### [TASK DATA]
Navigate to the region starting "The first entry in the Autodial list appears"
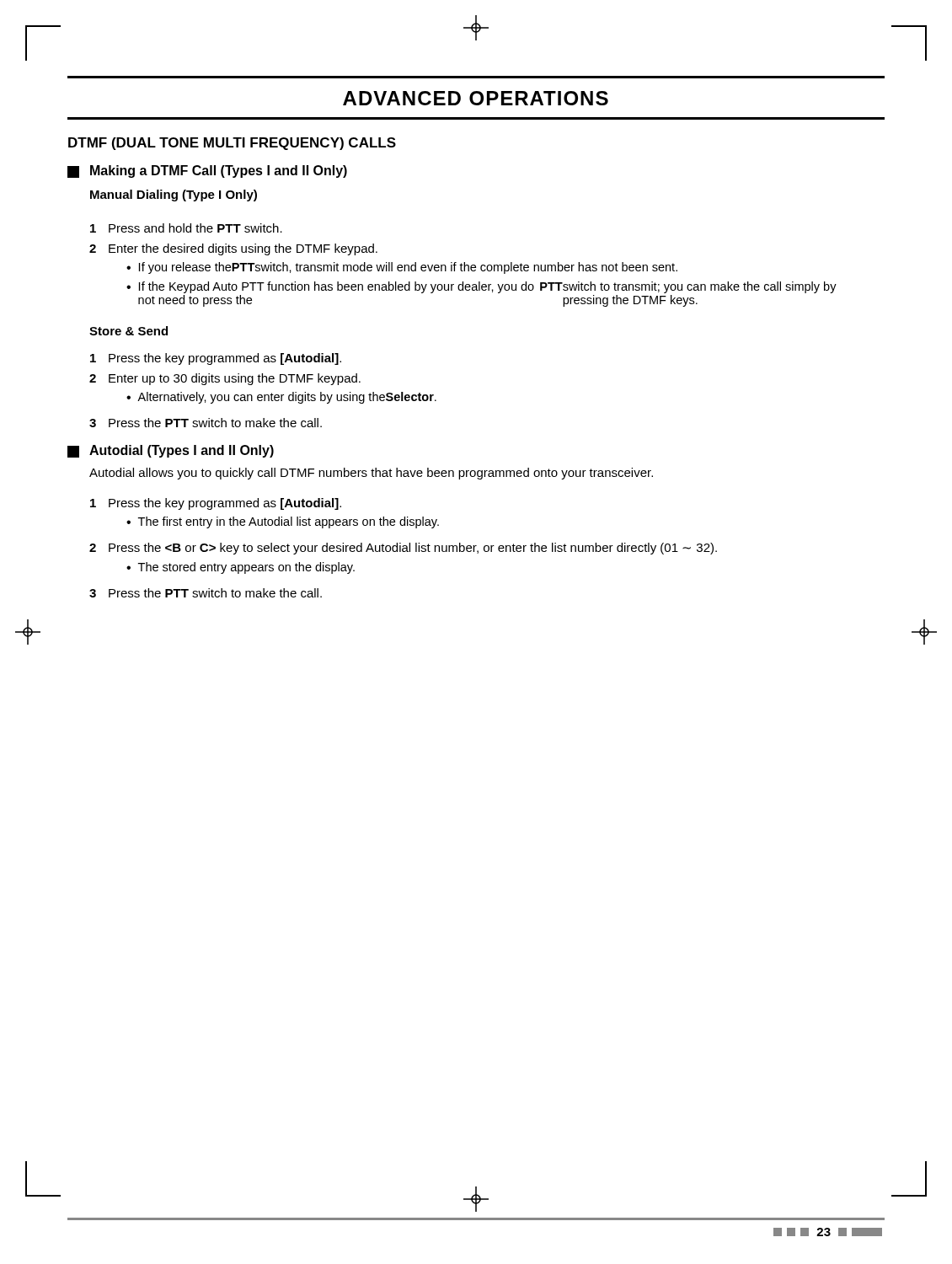The image size is (952, 1264). pyautogui.click(x=289, y=521)
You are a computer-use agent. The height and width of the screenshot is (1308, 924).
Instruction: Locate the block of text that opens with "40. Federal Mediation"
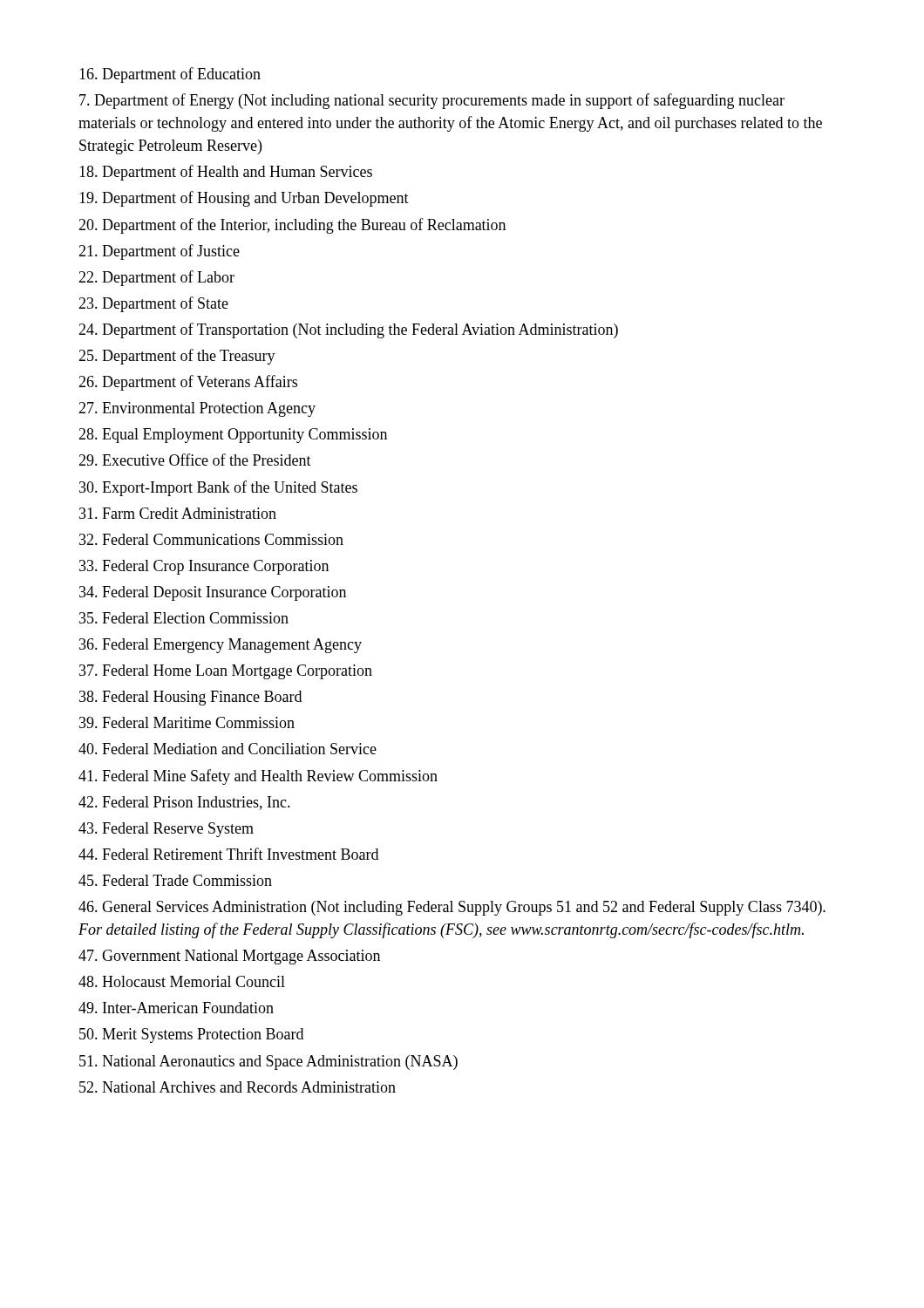(227, 749)
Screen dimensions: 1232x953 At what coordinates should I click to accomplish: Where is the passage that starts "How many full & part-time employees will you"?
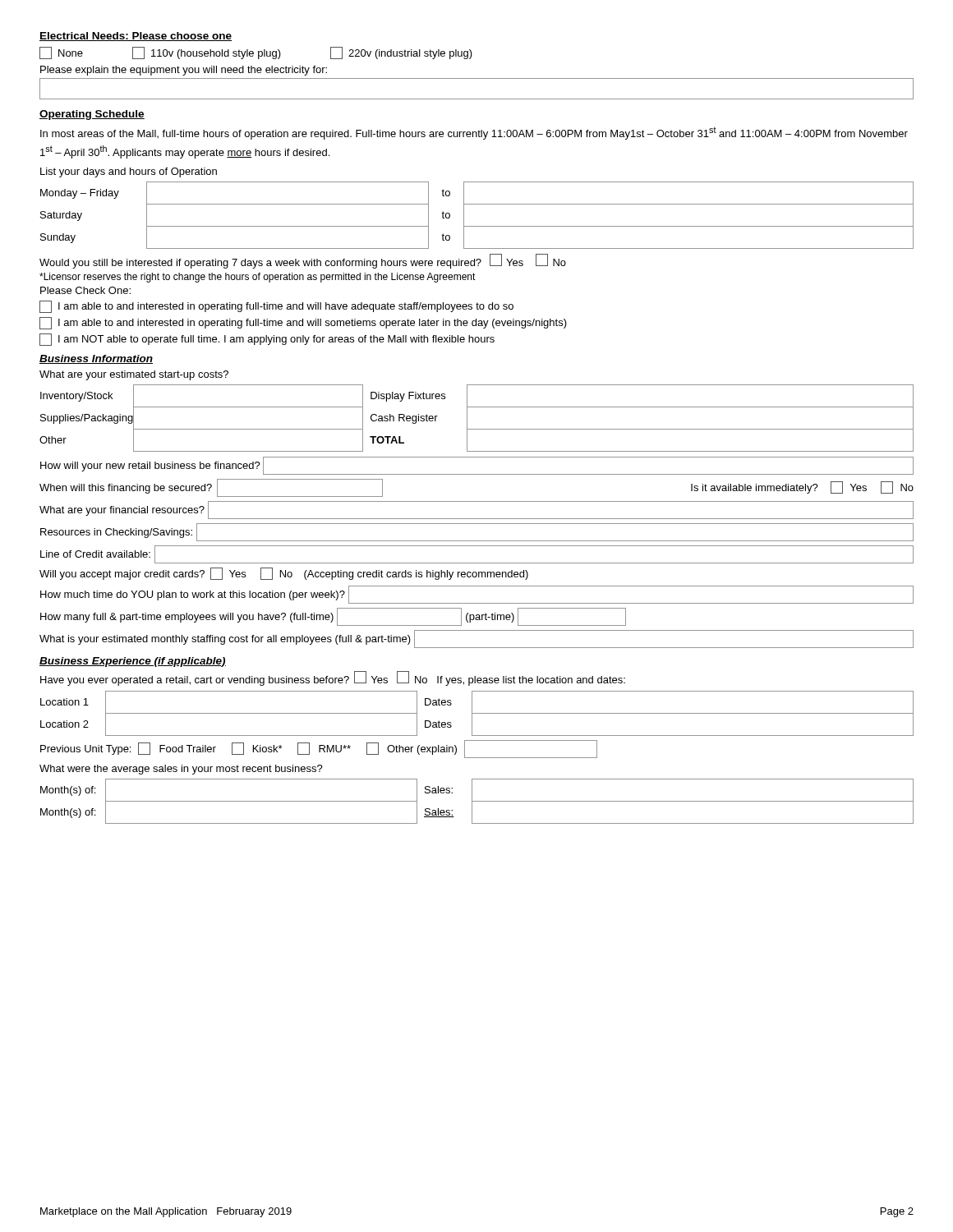[333, 617]
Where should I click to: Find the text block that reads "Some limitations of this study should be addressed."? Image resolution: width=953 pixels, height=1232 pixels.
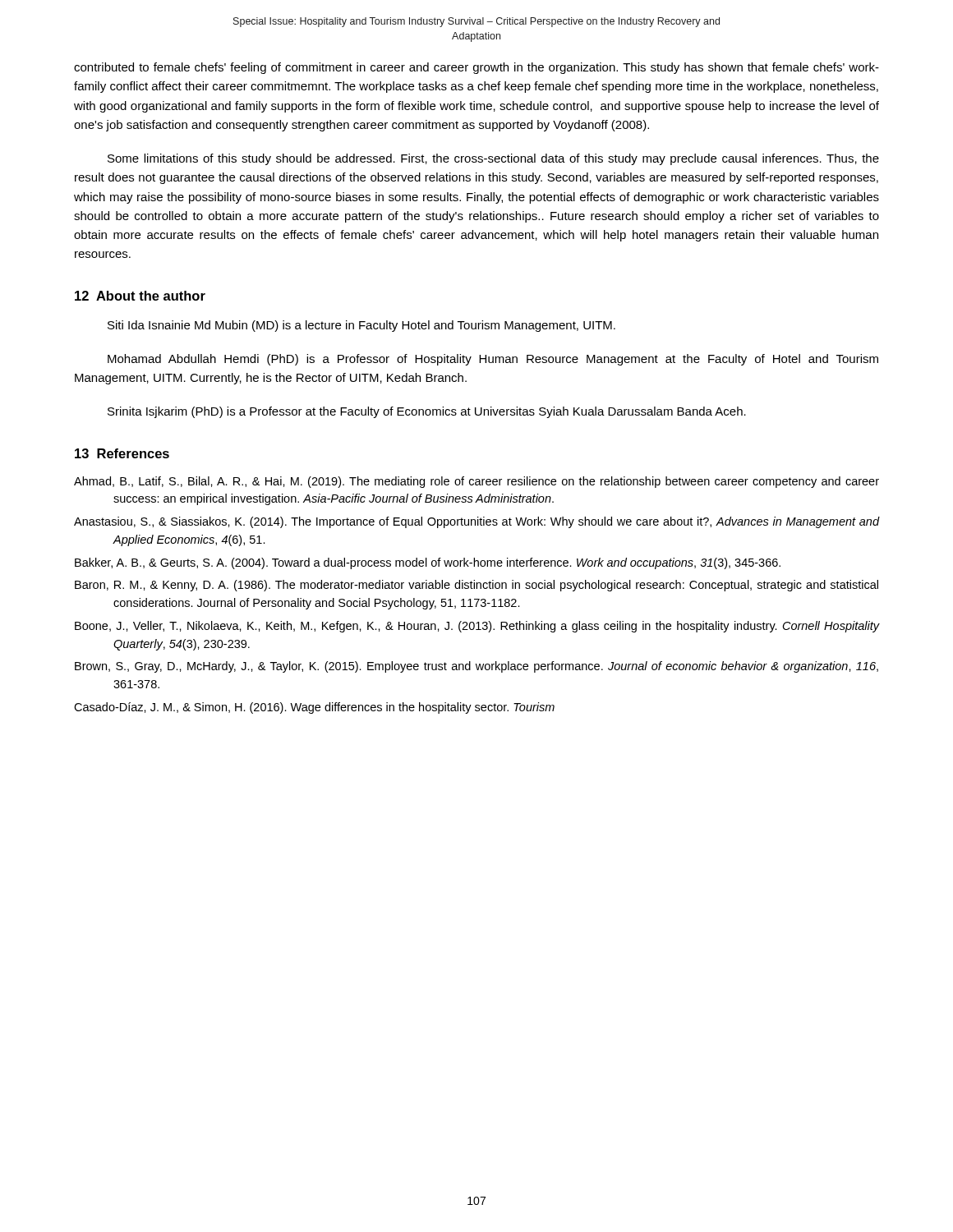pos(476,206)
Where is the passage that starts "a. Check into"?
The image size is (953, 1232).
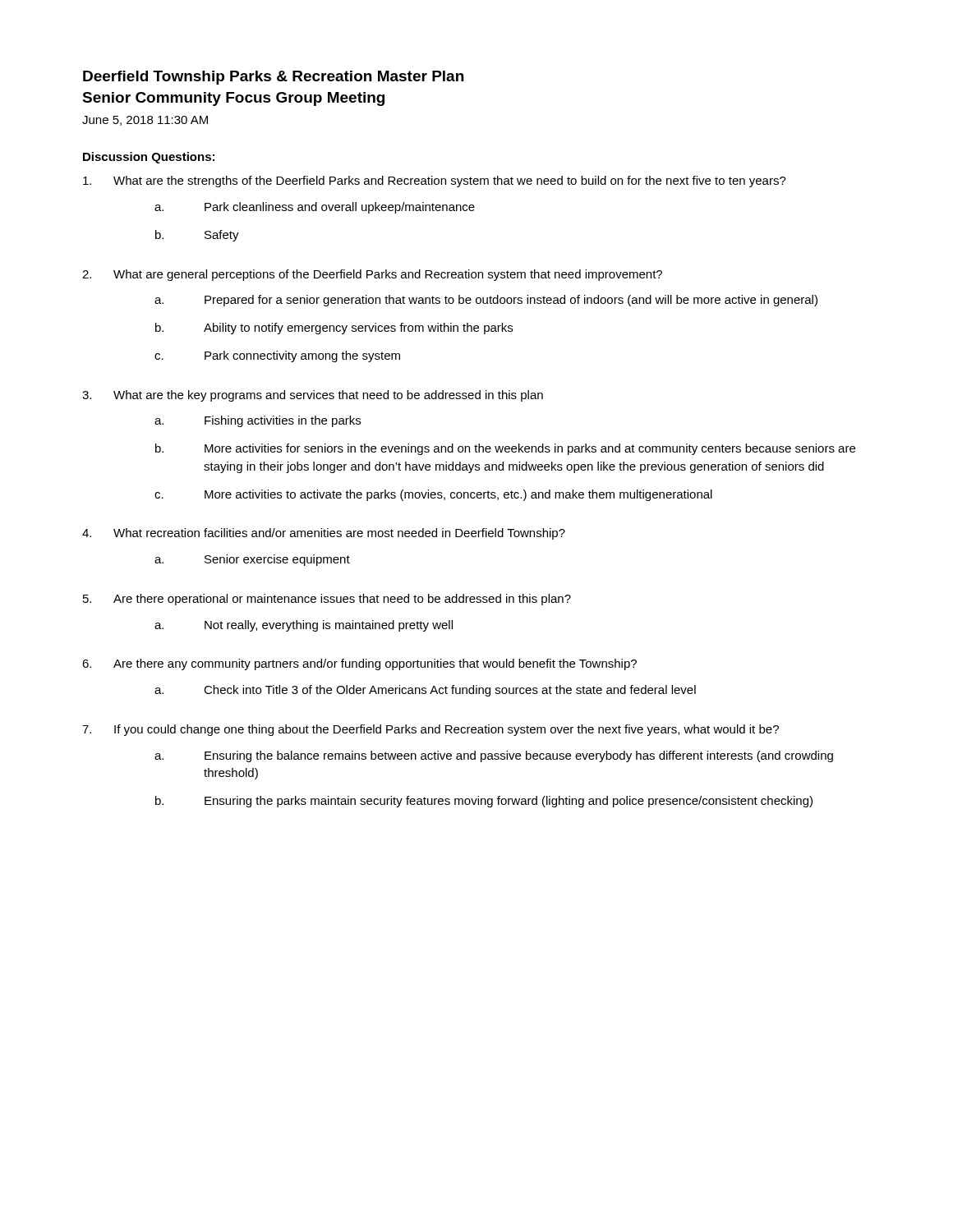tap(492, 690)

### [EXERCISE BRIEF]
Please return the lines above exactly, with the pictures omitted.

### [EXERCISE SOLUTION]
Navigate to the region starting "The first entry in the Autodial list appears"
The image size is (952, 1264). pyautogui.click(x=289, y=521)
You are a computer-use agent. The height and width of the screenshot is (1308, 924).
Instruction: Locate the block of text that opens with "40. Federal Mediation"
(227, 749)
Screen dimensions: 1232x953 At what coordinates should I click to accomplish: Where is the passage that starts "How many full & part-time employees will you"?
[333, 617]
Where should I click to: Find the text block that reads "Some limitations of this study should be addressed."? Image resolution: width=953 pixels, height=1232 pixels.
pos(476,206)
Where is the passage that starts "a. Check into"?
The image size is (953, 1232).
tap(492, 690)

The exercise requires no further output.